Thursday Night Film Series continue dernier soir avec Entre les Murs, une film intéressante si elle n'est pas particulièrement amusant. I actually thought it was a documentary. Although I’d never heard of it before, apparently it won the Palme d'Or at Cannes in 2008 and was the French Oscar nominee for Best Foreign Film, which just goes to show you how up I am on all things cultural. (Not, in other words.)
Film chronicled a year in a middle school in the 20th arrondisement. French education has changed a lot since Zero Pour Conduit or even Les Quatre Cents Coups (one of my all-time favorite movies) – now it resembles education in Oakland or inner city Los Angeles or even (gasp!) Monterey with Africans subbing for Mexicans. That was the most fascinating part of the film for me, watching how the ever flickering internecine classroom feuds among the different nationalities – Berber Moslems from Morroco, black Moslems from the Republic of Mali, black Christians from Martinique – could be pushed aside when dealing with a common enemy i.e. the teacher. Student actors were very good – I had a hard time believing they were working from any kind of script.
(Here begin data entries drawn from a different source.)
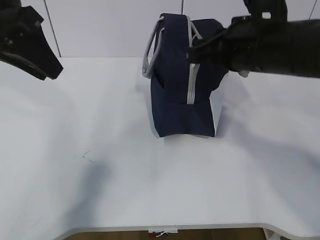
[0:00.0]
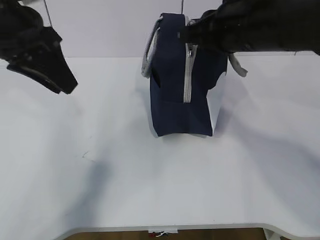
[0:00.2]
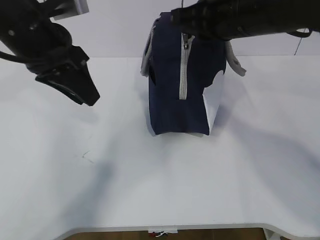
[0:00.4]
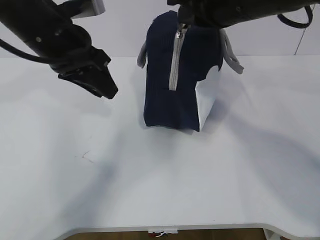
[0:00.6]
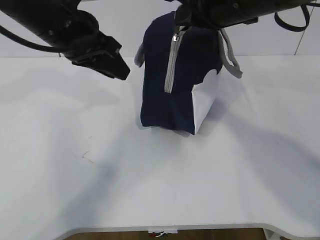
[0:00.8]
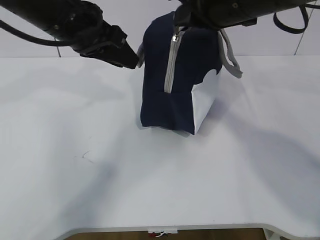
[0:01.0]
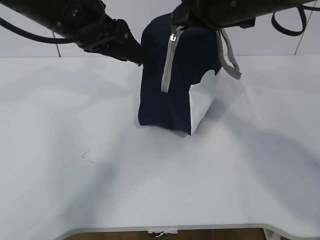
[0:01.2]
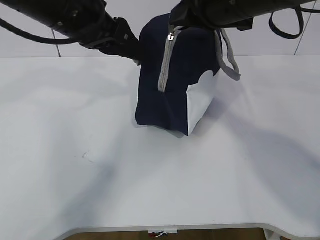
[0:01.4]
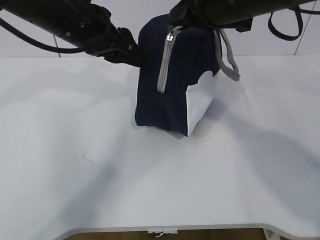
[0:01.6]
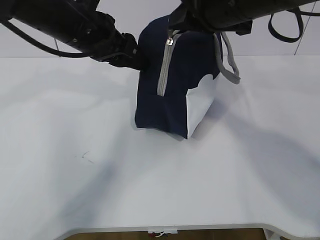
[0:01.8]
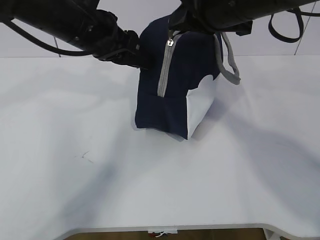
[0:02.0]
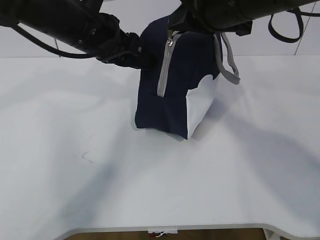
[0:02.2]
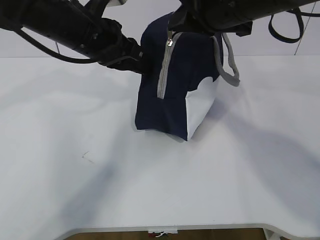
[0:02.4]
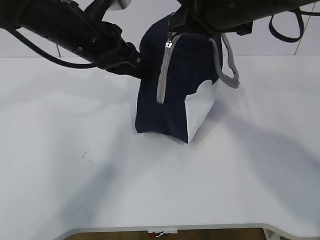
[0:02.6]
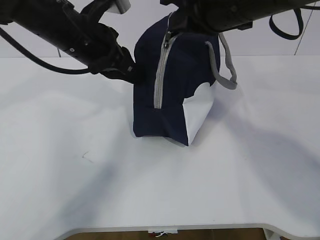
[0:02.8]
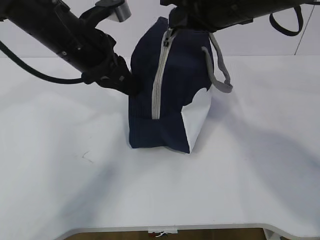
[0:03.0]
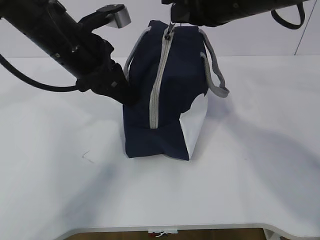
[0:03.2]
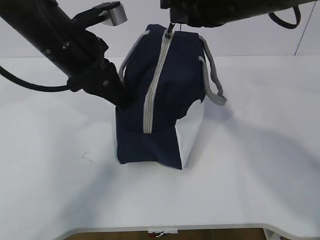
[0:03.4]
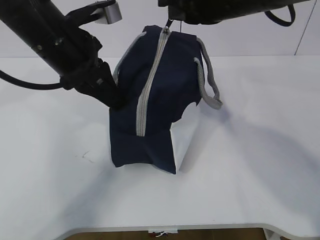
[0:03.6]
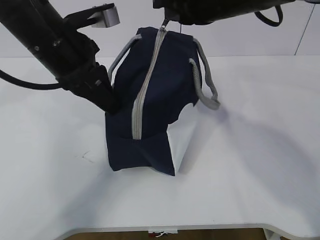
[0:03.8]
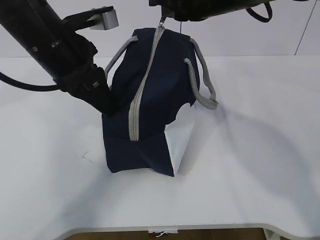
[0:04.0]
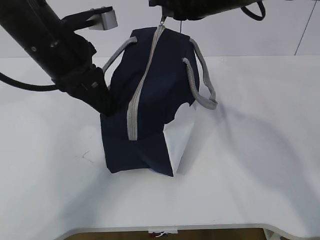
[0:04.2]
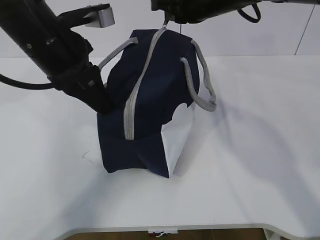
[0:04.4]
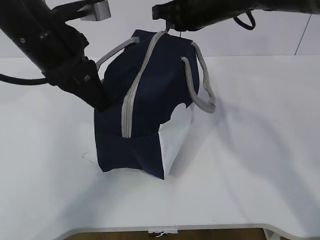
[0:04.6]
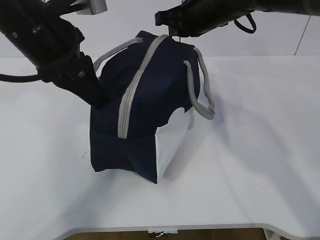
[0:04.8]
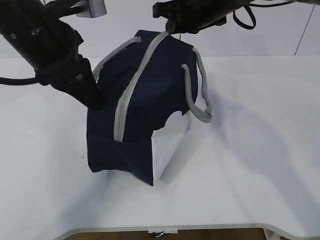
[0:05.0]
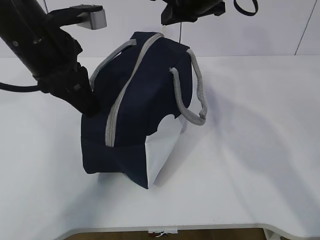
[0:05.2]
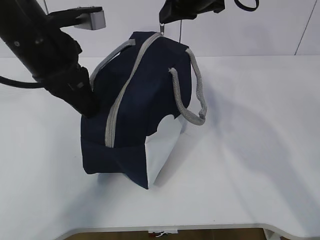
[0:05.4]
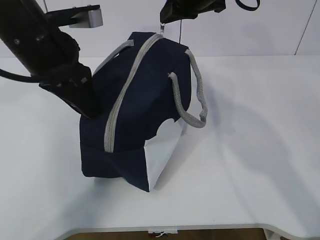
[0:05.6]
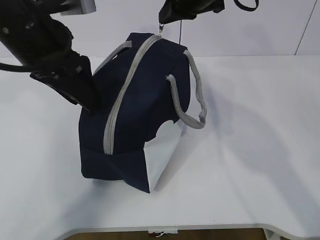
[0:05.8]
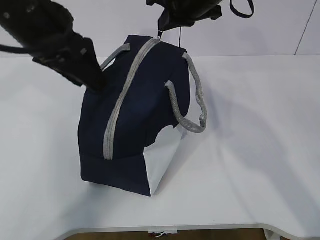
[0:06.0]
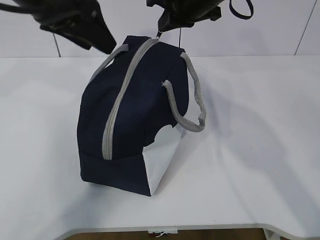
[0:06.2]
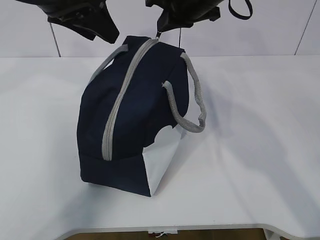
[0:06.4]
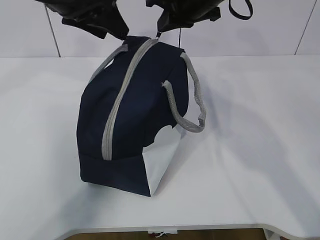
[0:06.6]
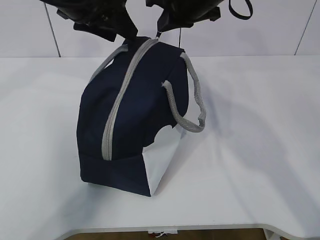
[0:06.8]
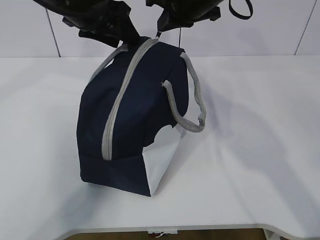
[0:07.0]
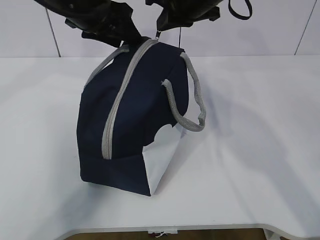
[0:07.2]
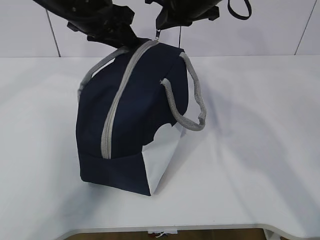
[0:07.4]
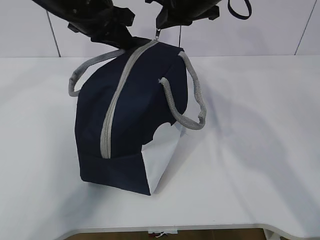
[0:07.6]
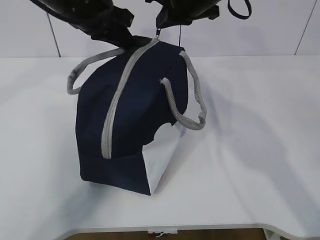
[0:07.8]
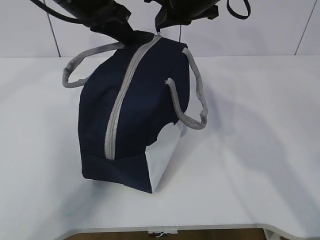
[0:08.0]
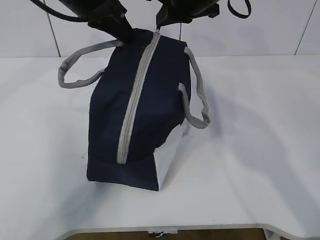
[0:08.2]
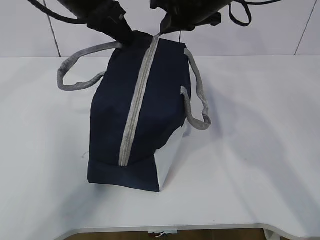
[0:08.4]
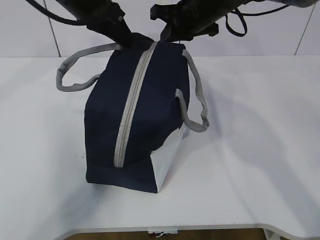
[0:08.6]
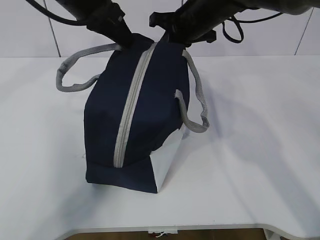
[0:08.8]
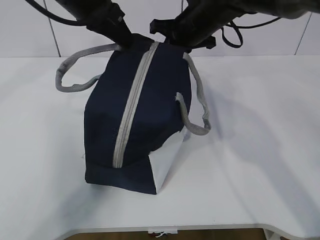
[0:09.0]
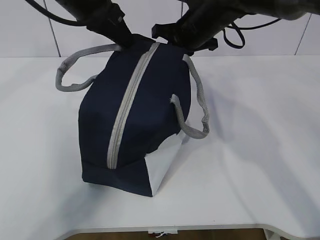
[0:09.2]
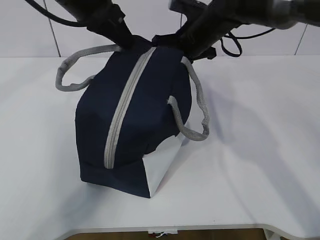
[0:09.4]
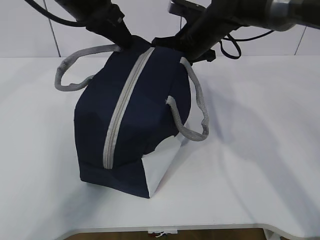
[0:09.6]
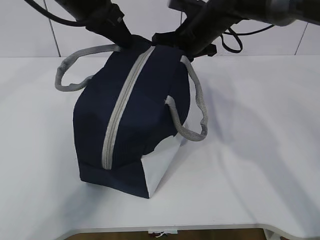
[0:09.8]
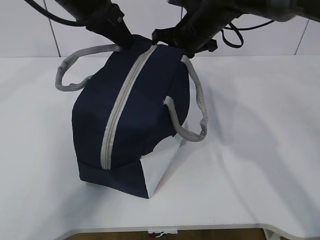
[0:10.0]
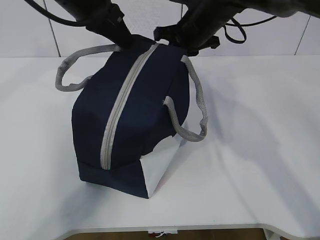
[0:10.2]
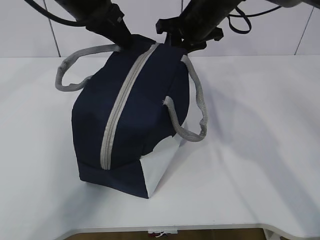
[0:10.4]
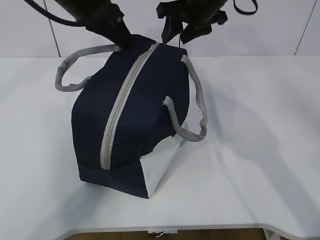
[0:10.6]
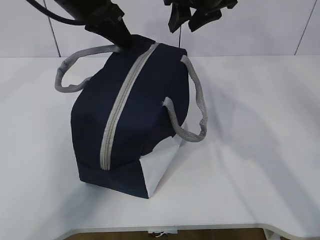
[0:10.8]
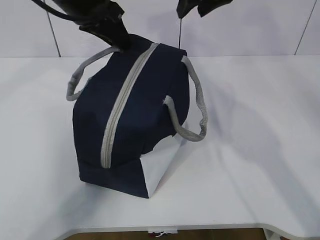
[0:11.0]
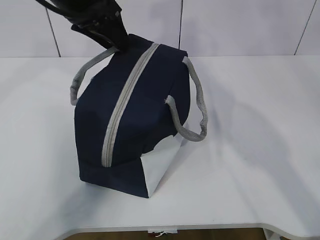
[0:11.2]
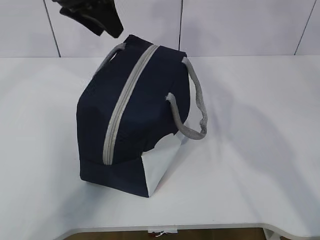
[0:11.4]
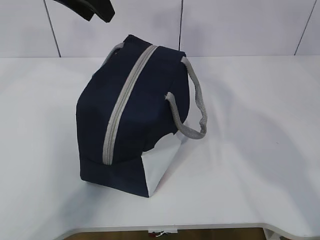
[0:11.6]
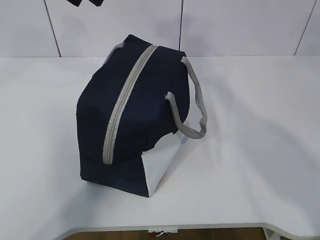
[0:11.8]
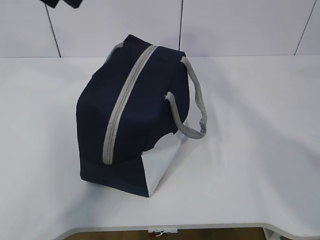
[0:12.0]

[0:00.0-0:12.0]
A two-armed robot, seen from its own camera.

Film was frustrating to watch because the teacher was such an awful teacher. Serious boundary issues there.
Afterwards Marybeth and I got pleasantly drunk at the nearly empty nearby Jack’s, and she described her student teaching assignment in the heart of Oakland – “So there I was crying hysterically in the bathroom, and my Master Teacher just shook her head. ‘The problem is you’re trying to be their friend. Tomorrow go in there and be Adolph Fucking Hitler.’ And that’s exactly what I did and it worked. And that’s exactly what I’ve done ever since.”
Marybeth and Kim are going to Paris in April and I am going to house sit which is beyond perfect – they have one of my favorite houses in the world.
I also got the Marybeth seal of approval for my future plans. “Traveling with the circus sounds wonderful to me! In fact, I’m jealous. No, Patty, no – you have worked and worked and worked and worked your ass off these past six years. You need a break. Just do one thing for me – get a video camera and make a movie about the circus! Even without any film making experience, you should be able to make a movie at least as good as The Class.”
Not a bad idea. Robin's adventures could make an interesting documentary.
I’d spent the day divesting yet more junk via Freecycle and sorting through old photographs. Only one of them made me cry – snapshot of Kevin who was killed by a drunk driver eight years after this picture was taken. The Hares have a familial curse – the firstborn of every generation dies in a car crash. This has been going on since there’ve been automobiles and Hares.
I lost touch with Desi, Pat and their kids after my divorce from Bill (understandably.) But I’d liked Kevin very much as a kid, was very sad when I learned he’d died. He didn’t deserve to be the generational sacrifice.
Not counting Kevin pathos, I cried for two and a half hours yesterday. Slight improvement over the day before.